→ **PROBLEM DESCRIPTION**
Return all lines from the listing below that include the word "dienst".
(SOURCE DATA begins)
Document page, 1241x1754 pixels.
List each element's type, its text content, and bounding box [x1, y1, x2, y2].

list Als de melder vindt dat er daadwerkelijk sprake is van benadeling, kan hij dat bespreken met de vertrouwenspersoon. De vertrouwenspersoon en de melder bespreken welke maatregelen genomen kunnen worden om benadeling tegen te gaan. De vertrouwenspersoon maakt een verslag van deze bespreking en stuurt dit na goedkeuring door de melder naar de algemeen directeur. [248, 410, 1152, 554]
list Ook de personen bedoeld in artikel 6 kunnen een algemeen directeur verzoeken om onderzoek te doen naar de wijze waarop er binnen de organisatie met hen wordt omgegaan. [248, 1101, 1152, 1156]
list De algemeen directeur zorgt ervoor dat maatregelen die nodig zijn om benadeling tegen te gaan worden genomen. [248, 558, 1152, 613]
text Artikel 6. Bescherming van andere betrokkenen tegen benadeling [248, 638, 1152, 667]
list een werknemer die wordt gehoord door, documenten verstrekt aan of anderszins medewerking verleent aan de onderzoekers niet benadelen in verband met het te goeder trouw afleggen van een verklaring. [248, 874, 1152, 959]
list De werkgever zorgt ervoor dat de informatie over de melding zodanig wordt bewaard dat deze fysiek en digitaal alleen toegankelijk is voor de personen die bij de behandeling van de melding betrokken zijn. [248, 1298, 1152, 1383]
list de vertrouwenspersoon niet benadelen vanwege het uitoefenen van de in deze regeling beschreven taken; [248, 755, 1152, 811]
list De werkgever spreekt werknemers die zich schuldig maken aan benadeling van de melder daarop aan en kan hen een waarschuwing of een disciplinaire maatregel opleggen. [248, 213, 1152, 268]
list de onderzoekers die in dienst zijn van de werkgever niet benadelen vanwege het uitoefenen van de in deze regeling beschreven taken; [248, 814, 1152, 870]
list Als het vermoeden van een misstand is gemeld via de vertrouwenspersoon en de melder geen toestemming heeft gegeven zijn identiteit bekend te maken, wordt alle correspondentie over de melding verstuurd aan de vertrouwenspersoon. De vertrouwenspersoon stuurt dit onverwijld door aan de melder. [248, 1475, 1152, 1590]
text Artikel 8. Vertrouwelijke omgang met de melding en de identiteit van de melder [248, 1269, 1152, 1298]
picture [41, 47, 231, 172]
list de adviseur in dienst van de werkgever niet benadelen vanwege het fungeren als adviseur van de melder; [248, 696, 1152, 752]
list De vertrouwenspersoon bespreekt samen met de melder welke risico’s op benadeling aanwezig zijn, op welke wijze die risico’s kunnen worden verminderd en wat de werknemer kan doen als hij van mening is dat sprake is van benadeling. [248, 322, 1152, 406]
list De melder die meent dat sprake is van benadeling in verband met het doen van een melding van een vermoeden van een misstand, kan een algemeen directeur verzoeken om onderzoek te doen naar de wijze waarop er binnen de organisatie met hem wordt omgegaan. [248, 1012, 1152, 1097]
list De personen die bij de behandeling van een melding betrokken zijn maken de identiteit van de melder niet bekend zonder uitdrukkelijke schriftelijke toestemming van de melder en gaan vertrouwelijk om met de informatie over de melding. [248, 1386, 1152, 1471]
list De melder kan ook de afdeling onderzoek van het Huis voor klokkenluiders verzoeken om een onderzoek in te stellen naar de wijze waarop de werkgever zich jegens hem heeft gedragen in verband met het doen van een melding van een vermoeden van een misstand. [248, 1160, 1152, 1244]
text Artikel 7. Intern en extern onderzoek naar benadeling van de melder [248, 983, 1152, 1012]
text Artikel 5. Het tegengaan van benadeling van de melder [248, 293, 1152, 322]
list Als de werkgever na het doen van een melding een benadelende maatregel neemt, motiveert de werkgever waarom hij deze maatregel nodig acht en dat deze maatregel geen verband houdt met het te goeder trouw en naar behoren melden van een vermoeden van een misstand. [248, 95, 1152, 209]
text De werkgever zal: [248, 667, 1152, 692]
(SOURCE DATA ends)
→ **YOUR RESPONSE**
list de onderzoekers die in dienst zijn van de werkgever niet benadelen vanwege het uitoefenen van de in deze regeling beschreven taken; [248, 814, 1152, 870]
list de adviseur in dienst van de werkgever niet benadelen vanwege het fungeren als adviseur van de melder; [248, 696, 1152, 752]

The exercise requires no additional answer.